=== PROBLEM ===
Leaving the pictures aside, transcribe every line below exactly.

[Collected data entries]
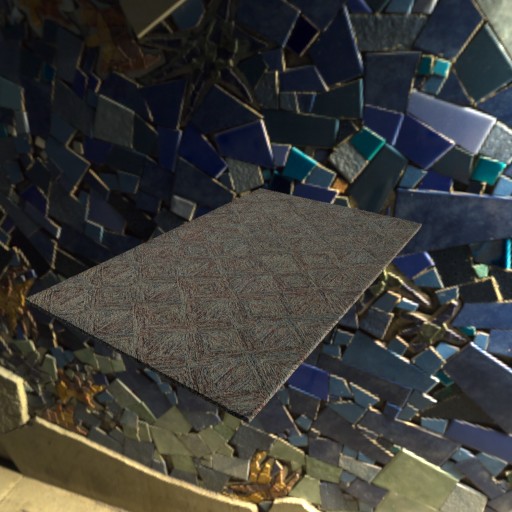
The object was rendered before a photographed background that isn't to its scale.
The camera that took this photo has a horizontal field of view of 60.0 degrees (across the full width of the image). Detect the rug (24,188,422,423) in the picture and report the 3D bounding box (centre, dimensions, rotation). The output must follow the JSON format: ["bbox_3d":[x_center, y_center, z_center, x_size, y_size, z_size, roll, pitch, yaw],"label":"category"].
[{"bbox_3d":[0.000,0.000,2.199,1.143,0.014,1.761,17,32,30],"label":"rug"}]
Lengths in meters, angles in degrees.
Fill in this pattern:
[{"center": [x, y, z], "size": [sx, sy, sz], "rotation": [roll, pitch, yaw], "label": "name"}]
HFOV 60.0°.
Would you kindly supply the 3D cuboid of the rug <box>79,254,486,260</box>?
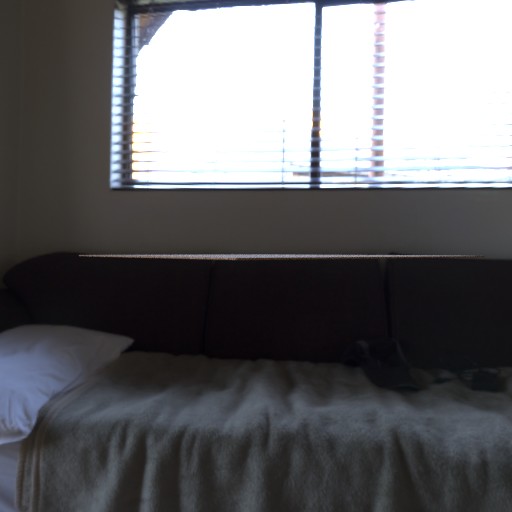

=== FINISHED TASK ===
The object was rendered before a photographed background that isn't to its scale.
The camera that took this photo has a horizontal field of view of 60.0 degrees (across the full width of the image). Detect the rug (24,188,422,423) in the picture and report the 3D bounding box (centre, dimensions, rotation). The output must follow the JSON format: ["bbox_3d":[x_center, y_center, z_center, x_size, y_size, z_size, roll, pitch, yaw],"label":"category"].
[{"bbox_3d":[0.000,0.000,2.199,1.143,0.014,1.761,17,32,30],"label":"rug"}]
Lengths in meters, angles in degrees.
Fill in this pattern:
[{"center": [x, y, z], "size": [sx, sy, sz], "rotation": [roll, pitch, yaw], "label": "name"}]
HFOV 60.0°.
Would you kindly supply the 3D cuboid of the rug <box>79,254,486,260</box>?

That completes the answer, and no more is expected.